TableBank: A Benchmark Dataset for Table Detection and Recognition
Minghao Li, Lei Cui, Shaohan Huang, Furu Wei, Ming Zhou, Zhoujun Li
TL;DR
TableBank introduces a large-scale, weakly supervised dataset for image-based table detection and recognition, derived from Word and LaTeX documents to achieve 417k labeled tables across diverse domains. It establishes strong baselines using Faster R-CNN for table detection and an image-to-markup encoder-decoder for table structure recognition, demonstrating domain-specific performance and improved cross-domain generalization when training on mixed-domain data. The results highlight the necessity of large, varied training data for robust table analysis and show deep learning methods outperform traditional OCR-based tools on this task. The authors publicly release TableBank and plan to expand to additional domains and finer-grained document components to further advance table analysis research.
Abstract
We present TableBank, a new image-based table detection and recognition dataset built with novel weak supervision from Word and Latex documents on the internet.

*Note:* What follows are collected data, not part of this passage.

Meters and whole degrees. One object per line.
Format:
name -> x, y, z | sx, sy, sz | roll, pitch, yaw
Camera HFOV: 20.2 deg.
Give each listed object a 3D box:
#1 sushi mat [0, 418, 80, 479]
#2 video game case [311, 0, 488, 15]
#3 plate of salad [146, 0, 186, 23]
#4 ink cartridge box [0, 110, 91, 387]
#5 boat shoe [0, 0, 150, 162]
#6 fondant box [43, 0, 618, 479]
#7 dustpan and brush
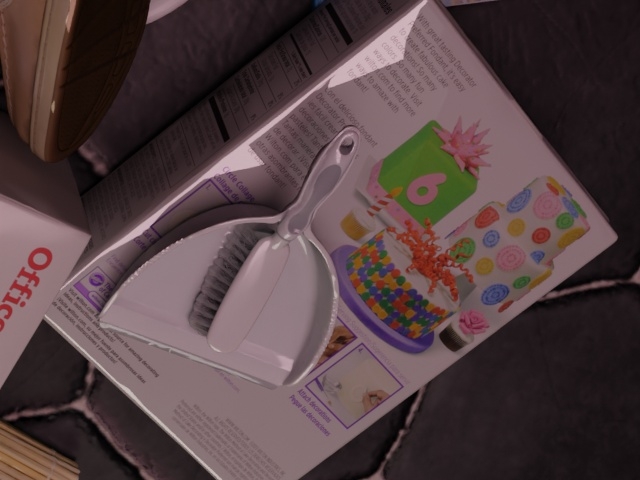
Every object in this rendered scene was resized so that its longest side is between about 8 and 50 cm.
sushi mat -> -0.316, 0.147, 1.218 | 0.316, 0.019, 0.151 | 36, 66, -30
video game case -> 0.073, -0.213, 1.207 | 0.166, 0.015, 0.119 | -8, 117, -11
plate of salad -> -0.145, -0.223, 1.122 | 0.200, 0.048, 0.199 | -7, 122, -11
ink cartridge box -> -0.289, -0.014, 1.115 | 0.233, 0.168, 0.171 | 27, 106, -25
boat shoe -> -0.161, -0.190, 1.059 | 0.098, 0.109, 0.302 | 20, 125, 16
fondant box -> 0.000, 0.000, 1.236 | 0.330, 0.096, 0.238 | -37, 119, 9
dustpan and brush -> -0.034, 0.006, 1.141 | 0.147, 0.060, 0.211 | 22, 111, -22
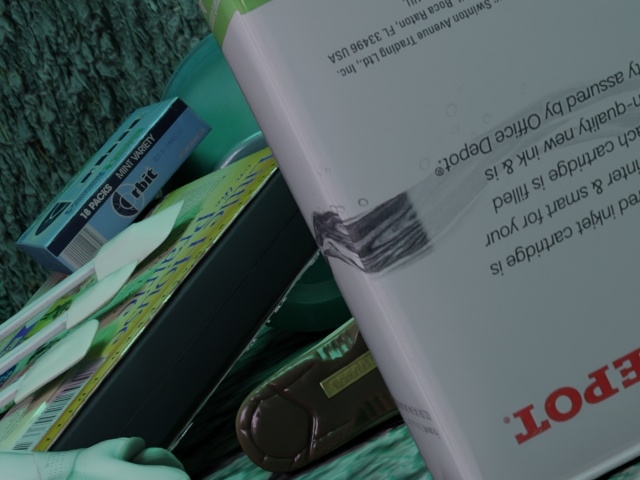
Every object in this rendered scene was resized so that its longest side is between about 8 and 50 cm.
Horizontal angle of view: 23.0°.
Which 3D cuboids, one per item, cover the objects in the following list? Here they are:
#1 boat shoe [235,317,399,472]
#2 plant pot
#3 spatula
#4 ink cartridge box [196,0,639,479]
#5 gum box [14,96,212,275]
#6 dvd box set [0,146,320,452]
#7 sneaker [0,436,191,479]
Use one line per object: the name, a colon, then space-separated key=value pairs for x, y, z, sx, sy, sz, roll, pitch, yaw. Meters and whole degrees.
boat shoe: x=0.041 y=0.063 z=0.862 sx=0.190 sy=0.068 sz=0.072 roll=-26 pitch=-8 yaw=0
plant pot: x=-0.018 y=-0.050 z=1.382 sx=0.271 sy=0.272 sz=0.255 roll=-25 pitch=18 yaw=6
spatula: x=-0.192 y=0.068 z=1.092 sx=0.242 sy=0.019 sz=0.168 roll=-34 pitch=24 yaw=41
ink cartridge box: x=0.083 y=-0.056 z=0.635 sx=0.198 sy=0.273 sz=0.115 roll=-26 pitch=2 yaw=-8
gum box: x=-0.173 y=-0.042 z=1.286 sx=0.157 sy=0.041 sz=0.184 roll=-51 pitch=15 yaw=-11
dvd box set: x=-0.164 y=0.081 z=1.132 sx=0.307 sy=0.062 sz=0.420 roll=-53 pitch=16 yaw=-26
sneaker: x=-0.127 y=0.143 z=0.798 sx=0.115 sy=0.090 sz=0.232 roll=-20 pitch=10 yaw=-27
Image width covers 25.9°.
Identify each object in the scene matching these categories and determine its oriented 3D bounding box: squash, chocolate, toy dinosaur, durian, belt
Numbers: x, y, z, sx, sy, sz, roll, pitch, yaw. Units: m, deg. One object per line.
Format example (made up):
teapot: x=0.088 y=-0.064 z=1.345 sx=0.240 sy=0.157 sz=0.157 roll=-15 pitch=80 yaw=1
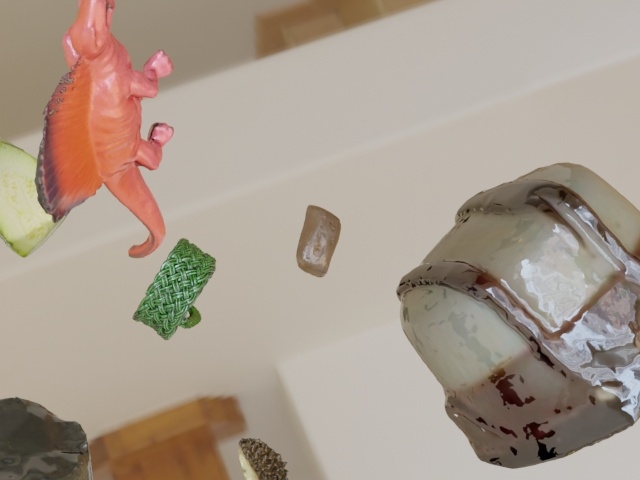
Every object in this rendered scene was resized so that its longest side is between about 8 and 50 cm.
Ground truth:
squash: x=-0.349 y=-0.076 z=1.413 sx=0.200 sy=0.090 sz=0.075 roll=39 pitch=170 yaw=-3
chocolate: x=0.191 y=0.045 z=1.243 sx=0.186 sy=0.283 sz=0.283 roll=50 pitch=175 yaw=-18
chocolate: x=0.000 y=0.000 z=2.004 sx=0.031 sy=0.064 sz=0.101 roll=-13 pitch=54 yaw=51
toy dinosaur: x=-0.160 y=-0.049 z=0.999 sx=0.139 sy=0.070 sz=0.286 roll=-66 pitch=-16 yaw=-45
durian: x=-0.075 y=0.311 z=1.780 sx=0.052 sy=0.066 sz=0.130 roll=-7 pitch=-109 yaw=-59
belt: x=-0.173 y=0.065 z=1.742 sx=0.079 sy=0.121 sz=0.151 roll=32 pitch=179 yaw=-5

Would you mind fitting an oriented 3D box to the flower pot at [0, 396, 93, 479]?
flower pot: x=-0.243 y=0.197 z=1.090 sx=0.157 sy=0.157 sz=0.107 roll=-126 pitch=36 yaw=-55

Existing research for image-based table detection and recognition usually fine-tunes pre-trained models on out-of-domain data with a few thousand human-labeled examples, which is difficult to generalize on real-world applications. With TableBank that contains 417K high quality labeled tables, we build several strong baselines using state-of-the-art models with deep neural networks. We make TableBank publicly available and hope it will empower more deep learning approaches in the table detection and recognition task. The dataset and models are available at \url{https://github.com/doc-analysis/TableBank}.